Emanuele Coccia schreibt: „Die Vorstellung, dass unser Ich im Augenblick seiner Geburt an unter dem Einfluss eines sinnfälligen Bildes steht, überrascht nicht wirklich. Wir erfahren diesen subtilen, stummen Einfluss viel häufiger, als wir denken.“ Nacht für Nacht meint man, jeden Kontakt zur Außenwelt abgebrochen zu haben. Man wiegt sich in absoluter Intimität mit sich selbst. Aber die Träume gönnen es einem nicht, dass man sein Gesicht weiter unablässig betrachtet. Immer dann, wenn man träumt, hört der anatomische Körper und jenes Phantasma, das man „Ich“ nennt, auf, über die eigene Natur zu bestimmen. Das Wesen eines Menschen zerbröckelt und löst sich in einer vielstimmigen Liturgie von Personen, Figuren und Geschichten auf. Emanuele Coccia ist Professor für Philosophiegeschichte an der École des Hautes Études en Sciences Sociales in Paris.

Am Grund der Seele lebt der rege Geist

Plötzlich kann alles die Form des Betroffenen annehmen, und das Ich vervielfältigt sich in der klangvollen Stimme aller Dinge. Emanuele Coccia stellt fest: „Der im Wachzustand so offenkundige Gegensatz zwischen Ich und Welt verschwindet. Das Ich entdeckt aufs Neue, dass seine eigenen Grenzen und die Grenzen der Welt eins sind, und dass die Welt jetzt im Ich enthalten ist und vom Ich neu erschaffen wird.“ Diesen Chiasmus macht erst das Sinnenleben möglich.

Der Traum ist die höchste Form der Intimität alles Lebendigen. Hier jedoch ist Intimität gleichbedeutend mit dem Transfundieren des Subjekts in die Materie aller Dinge. Gerade wenn man die radikalste Nähe zu sich selbst erfährt, löst sich das eigene Gesicht, die eigene Form in einen Regenbogen sinnfälliger Bilder scheinbar auf. Am geheimsten Grund der Seele findet man kein klar umrissenes Gesicht, keinen definierten Körper. Sondern man trifft auf den regen Geist, den die Bilder von Mal zu Mal neu schraffieren.

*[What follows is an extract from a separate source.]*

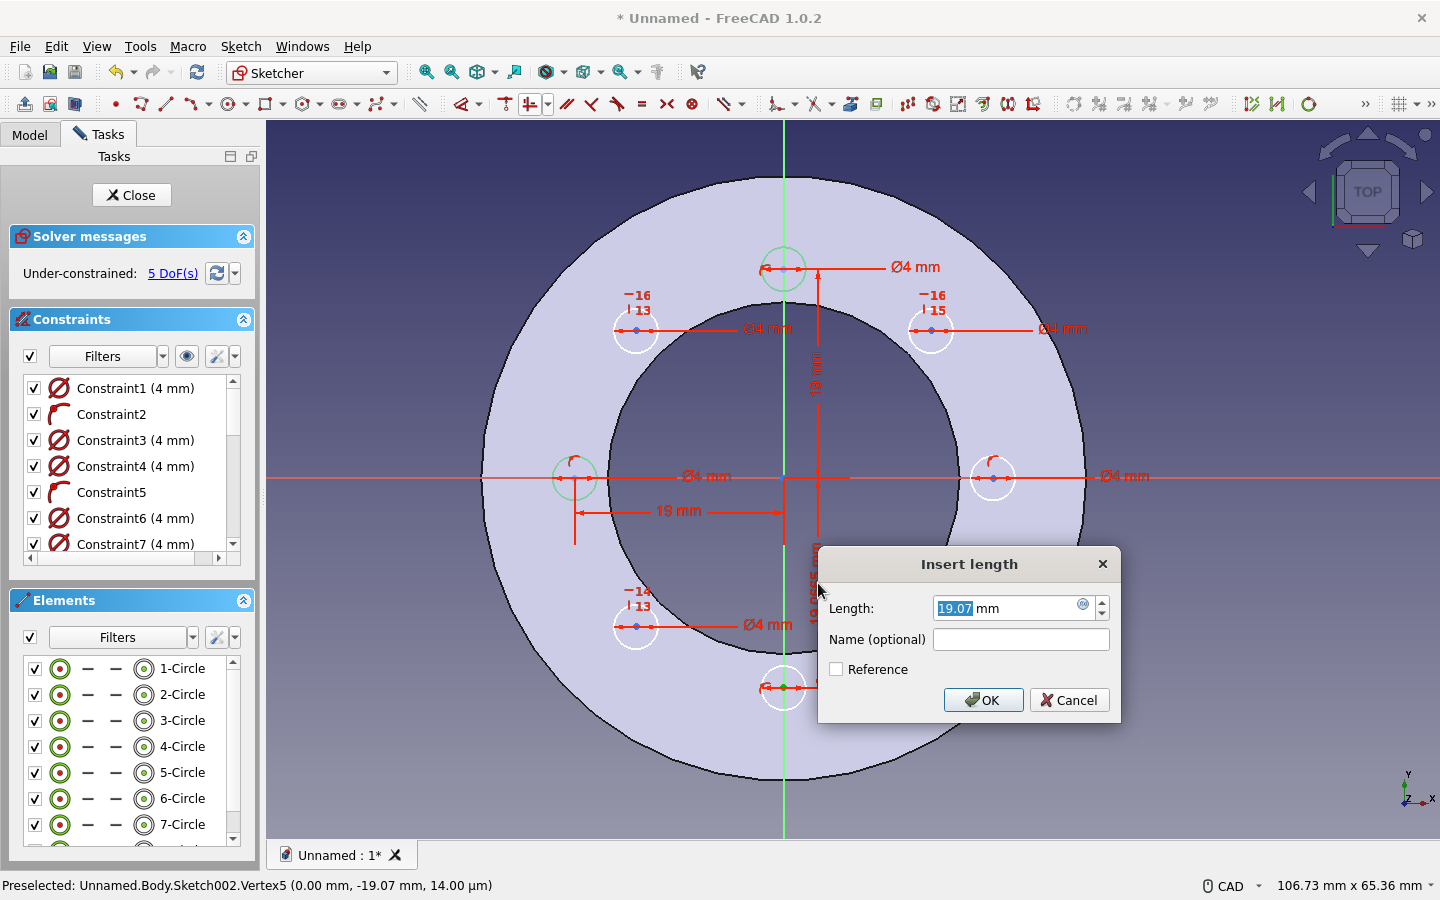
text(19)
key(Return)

Im Traum bekommt das Seelenleben eine ungeheure Intensität

Tatsächlich bedeutet „träumen“ in erster Linie „imaginieren“. Dabei ist die Imago, das Bild, hier kein simpler psychischer Gegenstand, sondern gleichsam die Materie, das Leben, aus dem alles gemacht ist und sich speist. Emanuele Coccia erläutert: „Wir selbst besitzen nur den eigenen Körper, der durch das von uns Vorgestellte bestimmt wird. Die menschliche Fantasie hört auf, eine Beziehung zu etwas, das außerhalb ist, zu definieren.“ Sie fällt rastlos mit dem Faktum, den Formen, dem Rhythmus der Existenz in eins.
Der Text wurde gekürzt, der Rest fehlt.